**YOUR INSTRUCTIONS:** This calls for a word-for-word copy of all the data, with each picture removed.
═══ PROVIDED MATERIAL ═══
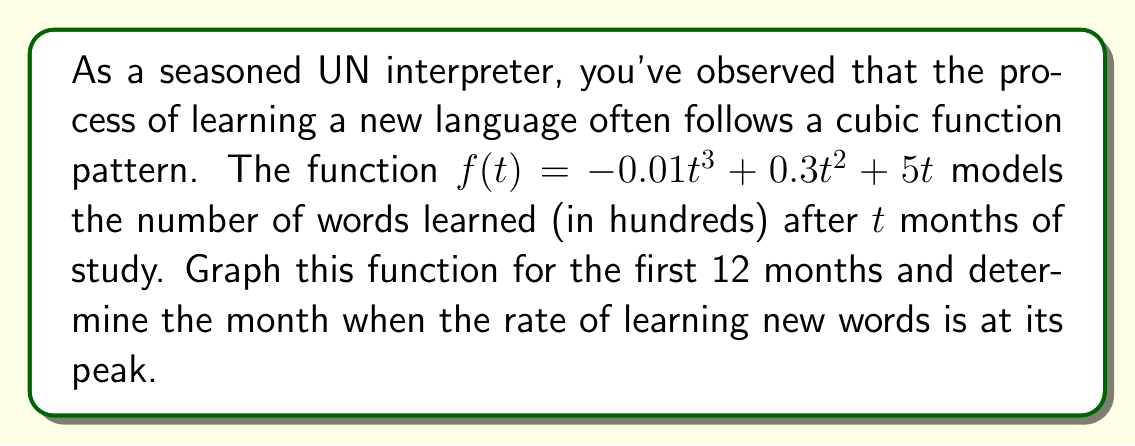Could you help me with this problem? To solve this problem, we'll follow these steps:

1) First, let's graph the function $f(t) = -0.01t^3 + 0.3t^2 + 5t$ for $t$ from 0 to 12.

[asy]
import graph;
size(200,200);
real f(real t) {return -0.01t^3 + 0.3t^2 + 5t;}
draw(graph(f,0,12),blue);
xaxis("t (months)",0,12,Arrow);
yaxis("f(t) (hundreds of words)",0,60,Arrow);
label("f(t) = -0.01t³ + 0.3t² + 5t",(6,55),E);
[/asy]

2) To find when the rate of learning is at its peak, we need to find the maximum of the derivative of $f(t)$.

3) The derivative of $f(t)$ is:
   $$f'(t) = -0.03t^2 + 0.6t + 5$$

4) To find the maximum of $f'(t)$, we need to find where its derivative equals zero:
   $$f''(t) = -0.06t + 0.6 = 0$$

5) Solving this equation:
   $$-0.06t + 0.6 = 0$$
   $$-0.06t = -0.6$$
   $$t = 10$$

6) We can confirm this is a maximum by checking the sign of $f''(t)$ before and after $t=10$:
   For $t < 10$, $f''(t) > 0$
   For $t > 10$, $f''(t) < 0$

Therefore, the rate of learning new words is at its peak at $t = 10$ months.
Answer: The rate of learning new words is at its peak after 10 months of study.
═══
**EXERCISE RESPONSE:**
Could you help me with this problem? To solve this problem, we'll follow these steps:

1) First, let's graph the function $f(t) = -0.01t^3 + 0.3t^2 + 5t$ for $t$ from 0 to 12.

[asy]
import graph;
size(200,200);
real f(real t) {return -0.01t^3 + 0.3t^2 + 5t;}
draw(graph(f,0,12),blue);
xaxis("t (months)",0,12,Arrow);
yaxis("f(t) (hundreds of words)",0,60,Arrow);
label("f(t) = -0.01t³ + 0.3t² + 5t",(6,55),E);
[/asy]

2) To find when the rate of learning is at its peak, we need to find the maximum of the derivative of $f(t)$.

3) The derivative of $f(t)$ is:
   $$f'(t) = -0.03t^2 + 0.6t + 5$$

4) To find the maximum of $f'(t)$, we need to find where its derivative equals zero:
   $$f''(t) = -0.06t + 0.6 = 0$$

5) Solving this equation:
   $$-0.06t + 0.6 = 0$$
   $$-0.06t = -0.6$$
   $$t = 10$$

6) We can confirm this is a maximum by checking the sign of $f''(t)$ before and after $t=10$:
   For $t < 10$, $f''(t) > 0$
   For $t > 10$, $f''(t) < 0$

Therefore, the rate of learning new words is at its peak at $t = 10$ months.
Answer: The rate of learning new words is at its peak after 10 months of study.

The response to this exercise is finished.